▸ Excerpts from a dataset:

== == ==

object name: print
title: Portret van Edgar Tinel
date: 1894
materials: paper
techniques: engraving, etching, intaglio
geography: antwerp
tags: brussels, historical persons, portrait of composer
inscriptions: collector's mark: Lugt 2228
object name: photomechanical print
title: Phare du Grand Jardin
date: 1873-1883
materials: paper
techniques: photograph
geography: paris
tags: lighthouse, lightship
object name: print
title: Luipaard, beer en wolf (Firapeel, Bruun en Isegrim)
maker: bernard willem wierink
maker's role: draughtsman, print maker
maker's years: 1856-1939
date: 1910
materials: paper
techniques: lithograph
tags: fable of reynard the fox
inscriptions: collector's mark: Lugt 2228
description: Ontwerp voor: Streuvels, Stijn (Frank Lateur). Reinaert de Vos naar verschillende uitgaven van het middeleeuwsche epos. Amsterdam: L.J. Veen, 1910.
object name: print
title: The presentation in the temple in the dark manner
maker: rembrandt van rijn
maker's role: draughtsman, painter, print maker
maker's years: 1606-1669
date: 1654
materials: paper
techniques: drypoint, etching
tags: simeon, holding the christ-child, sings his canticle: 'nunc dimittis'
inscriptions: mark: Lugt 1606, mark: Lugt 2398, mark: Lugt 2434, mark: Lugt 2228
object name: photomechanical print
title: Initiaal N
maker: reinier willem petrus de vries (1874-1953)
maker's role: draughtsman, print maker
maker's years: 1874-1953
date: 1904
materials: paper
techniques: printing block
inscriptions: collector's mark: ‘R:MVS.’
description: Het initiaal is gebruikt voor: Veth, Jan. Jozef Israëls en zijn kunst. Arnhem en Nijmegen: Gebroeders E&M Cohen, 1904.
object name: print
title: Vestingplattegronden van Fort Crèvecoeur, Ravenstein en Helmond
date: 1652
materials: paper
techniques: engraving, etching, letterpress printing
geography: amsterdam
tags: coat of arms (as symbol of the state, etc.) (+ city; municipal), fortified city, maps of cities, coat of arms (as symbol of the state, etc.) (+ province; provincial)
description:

== == ==

▸ Assignment: Verbatim reproduction of the entries is required.

▸ Response to this exercise:
object name: print
title: Portret van Edgar Tinel
date: 1894
materials: paper
techniques: engraving, etching, intaglio
geography: antwerp
tags: brussels, historical persons, portrait of composer
inscriptions: collector's mark: Lugt 2228
object name: photomechanical print
title: Phare du Grand Jardin
date: 1873-1883
materials: paper
techniques: photograph
geography: paris
tags: lighthouse, lightship
object name: print
title: Luipaard, beer en wolf (Firapeel, Bruun en Isegrim)
maker: bernard willem wierink
maker's role: draughtsman, print maker
maker's years: 1856-1939
date: 1910
materials: paper
techniques: lithograph
tags: fable of reynard the fox
inscriptions: collector's mark: Lugt 2228
description: Ontwerp voor: Streuvels, Stijn (Frank Lateur). Reinaert de Vos naar verschillende uitgaven van het middeleeuwsche epos. Amsterdam: L.J. Veen, 1910.
object name: print
title: The presentation in the temple in the dark manner
maker: rembrandt van rijn
maker's role: draughtsman, painter, print maker
maker's years: 1606-1669
date: 1654
materials: paper
techniques: drypoint, etching
tags: simeon, holding the christ-child, sings his canticle: 'nunc dimittis'
inscriptions: mark: Lugt 1606, mark: Lugt 2398, mark: Lugt 2434, mark: Lugt 2228
object name: photomechanical print
title: Initiaal N
maker: reinier willem petrus de vries (1874-1953)
maker's role: draughtsman, print maker
maker's years: 1874-1953
date: 1904
materials: paper
techniques: printing block
inscriptions: collector's mark: ‘R:MVS.’
description: Het initiaal is gebruikt voor: Veth, Jan. Jozef Israëls en zijn kunst. Arnhem en Nijmegen: Gebroeders E&M Cohen, 1904.
object name: print
title: Vestingplattegronden van Fort Crèvecoeur, Ravenstein en Helmond
date: 1652
materials: paper
techniques: engraving, etching, letterpress printing
geography: amsterdam
tags: coat of arms (as symbol of the state, etc.) (+ city; municipal), fortified city, maps of cities, coat of arms (as symbol of the state, etc.) (+ province; provincial)
description:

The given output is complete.